The astronomers say that if it hits a satellite in 2029 it would be like an insect hitting a truck windscreen at a speed of 30km a second.

And while Apophis is well below the threshold diameters of one to two kilometres - where it could threaten mankind with similar global devastation that killed the dinosaurs - it is about 40 times larger than the calculated size of the Tunguska object, or the equivalent of more than 800 megatons of dynamite if its kinetic energy were released in a collision.

McNaught says that if Apophis proves to be a loose clump of boulders such as near-Earth asteroid Itokawa, examined close up by the Japanese probe Hayabusa in 2005, an impact with a large satellite might make it slowly expand into a cloud of objects, a potentially ugly scenario if it led to a later encounter with a sky full of Tunguska-sized fireballs.

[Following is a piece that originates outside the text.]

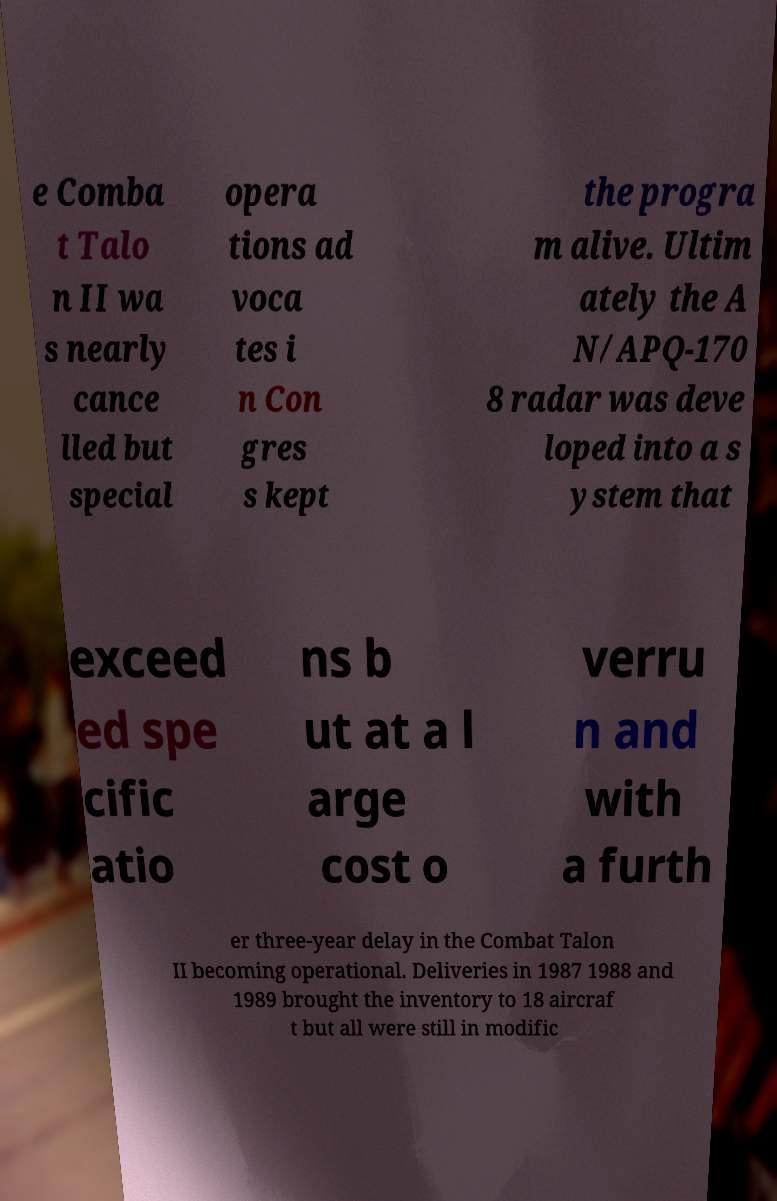Please identify and transcribe the text found in this image. e Comba t Talo n II wa s nearly cance lled but special opera tions ad voca tes i n Con gres s kept the progra m alive. Ultim ately the A N/APQ-170 8 radar was deve loped into a s ystem that exceed ed spe cific atio ns b ut at a l arge cost o verru n and with a furth er three-year delay in the Combat Talon II becoming operational. Deliveries in 1987 1988 and 1989 brought the inventory to 18 aircraf t but all were still in modific

However, if Aphophis proves to be a dense metallic asteroid, rich in nickel or iron, "there would be a very bright flash and Apophis would continue on as if nothing had happened".

Both astronomers emphasise that such scenarios are conjecture, but that their Siding Spring Survey work is part of a methodical and serious programme to identify potentially hazardous objects.

This is to give mankind as much warning as possible of a serious risk of collision - and perhaps to intercept and deflect them.

The simplest and increasingly most popular concept involves the space-tug technique - putting a heavy satellite in orbit around the dangerous object to modify its trajectory away from Earth.

The Siding Spring survey is part of a small network of sky patrol telescopes funded by by Nasa.

Last year, Siding Spring found 400 NEOs, or 60 per cent of all such objects discovered that year, plus Comet McNaught - the Great Comet of 2007.